Since 1988 Clark has performed and recorded throughout the world as a soloist with chamber ensembles and orchestras, including the Apollo Ensemble, the Attaignant Consort, Cantus Cölln (Konrad Junghänel), the FestspielOrchester Göttingen (of the Göttingen International Handel Festival), Les Musiciens du Louvre (Mark Minkowski), Musica Amphion, and Osmosis. She is the principal flute of the Amsterdam Baroque Orchestra (Ton Koopman) and a guest principal with the Orchestra of the Eighteenth Century, and she returns regularly to Australia as a guest of the Australian Brandenburg Orchestra, the Australian Chamber Orchestra, the Canberra Festival, and the Australian Romantic and Classical Orchestra. She is regularly singled out in reviews for her expressive playing.

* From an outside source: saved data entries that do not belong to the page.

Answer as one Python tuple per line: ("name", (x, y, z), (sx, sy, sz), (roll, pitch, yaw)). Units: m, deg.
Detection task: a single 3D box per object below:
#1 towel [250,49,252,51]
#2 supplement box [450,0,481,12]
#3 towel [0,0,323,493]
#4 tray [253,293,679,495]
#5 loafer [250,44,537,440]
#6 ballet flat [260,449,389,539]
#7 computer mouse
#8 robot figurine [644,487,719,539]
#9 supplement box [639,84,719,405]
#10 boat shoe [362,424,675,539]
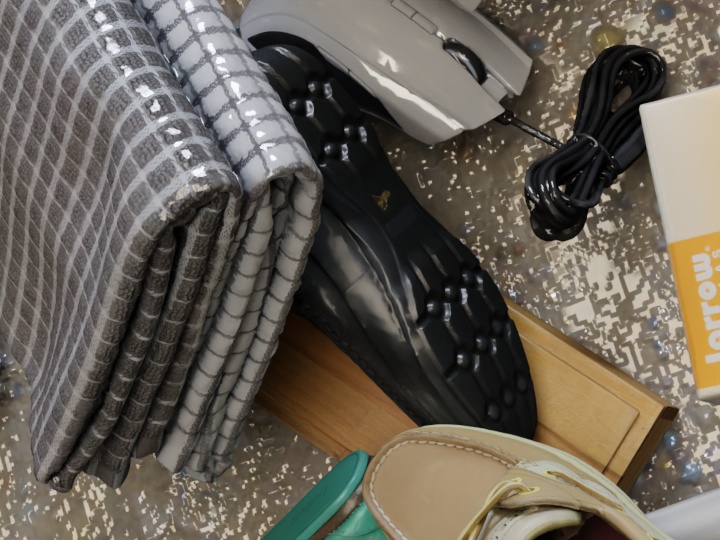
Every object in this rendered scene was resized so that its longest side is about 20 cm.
("towel", (-0.094, -0.044, 1.047), (0.200, 0.024, 0.145), (40, 99, 32))
("supplement box", (-0.002, -0.210, 0.971), (0.103, 0.101, 0.200), (-50, 45, 9))
("towel", (-0.104, -0.025, 0.934), (0.166, 0.085, 0.200), (56, 142, 31))
("tray", (0.028, 0.048, 1.009), (0.200, 0.037, 0.099), (33, 96, 21))
("loafer", (0.000, 0.000, 0.961), (0.070, 0.068, 0.201), (-33, 94, 41))
("ballet flat", (-0.039, 0.152, 1.001), (0.070, 0.067, 0.200), (44, 123, -13))
("computer mouse", (0.032, -0.090, 0.997), (0.199, 0.044, 0.110), (26, 55, 22))
("robot figurine", (0.162, 0.159, 0.907), (0.199, 0.113, 0.170), (-18, 113, 17))
("supplement box", (0.224, -0.026, 0.925), (0.199, 0.073, 0.127), (-14, 80, 18))
("boat shoe", (0.072, 0.107, 0.863), (0.199, 0.066, 0.074), (24, 87, 37))

Clark is co-founder and artistic director of the Attaignant Consort, a renaissance flute consort whose three-CD set (released on the Ramée label) documenting the solo and consort repertoire of the renaissance flute was crowned with a Diapason d'Or in 2013. She has been featured on the early music radio program Harmonia, and in the music magazines TIBIA and FLUIT, and she has written articles for various publications, including many CD liner notes. Additionally, she co-authored with Amanda Markwick The Renaissance Flute: A Contemporary Guide, a book on the performance practice and theory of the renaissance flute, published by Oxford University Press in 2020. For a presentation at the Rijksmuseum in Amsterdam in 2020, Clark played a copy of the Warder flute, an instrument that was discovered in 2018 in the wreckage of a ship that likely sank in the early sixteenth century, and now the oldest known Dutch flute.

Clark has been teaching principle-study historical flutists at the Royal Conservatory of The Hague since 1996. She has been on the jury for various competitions, including the Internationaler Telemann-Wettbewerb (2021).

== Selected discography ==
Source:
- 1989, Lindenberg: Psalms (Capella Amsterdam)
- 1993, Nuova Era: Jean-Marie Leclair: Deuxieme recreation de musique; Franrois Couperin: La Frangoise (La Quatrième Chambre)
- 1994, Globe Records: Philidor: Flute Suites (Wilbert Hazelzet / Kate Clark / Jacques Ogg / Titia de Zwart / Mike Fentross)
- 1995: Channel Classics: Machaut and His Time (Alba Musica Kyo)
- 1996, Globe Records: Bach Trio Sonatas for Flute and Violin (Wilbert Hazelzet / Kate Clark / Alda Stuurop / Jacques Ogg / Richte Van Der Meer)
- 2004, Brilliant Classics: Telemann: Tafelmusik (Complete) (Musica Amphion)
- 2007, ABC Classics: The Concert Spiritual: Anet, Guillemain, Mouret, Buffardin (Ensemble Battistin)
- 2009, ABC Classics: The Musicians' Table: Philidor, Boismortier, Guillemain, Rebel (Ensemble Battistin)
- 2011, Brilliant Classics: Telemann Edition (Musica Amphion)
- 2011, Centaur Records: JS Bach: Brandenburg Concertos (Apollo Ensemble)
- 2011, deutsche harmonia mundi: Cantus Cölln Edition (Cantus Cölln)
- 2012, Ramée: Ludwig Spohr – George Onslow: Nonets (Osmosis)
- 2012, Ramée: Madame d'amours (The Attaignant Consort / Kate Clark)
- 2012, Ramée: Au joly bois (Kate Clark / Nigel North / Freek Borstlap)
- 2012, Ramée: Le Parler et le Silence (The Attaignant Consort / Kate Clark)
- 2013, ABC Classics: The Perfection of Music: Masterpieces of the French Baroque (Ensemble Battistin)
- 2013, Centaur Records: Georg Philipp Telemann: Chamber Music (Apollo Ensemble)

== Legal career ==
Kate Clark obtained law degrees from the University of London and the University of Amsterdam, and is a Research Fellow at the Amsterdam Centre for War Reparations and Head of Research at the Nuhanovic Foundation. She has published reports on war reparations through the Nuhanovic Foundation, and articles in legal journals, such as the Journal of International Criminal Justice. She also co-authored a chapter in the book Narratives of Justice In and Out of the Courtroom.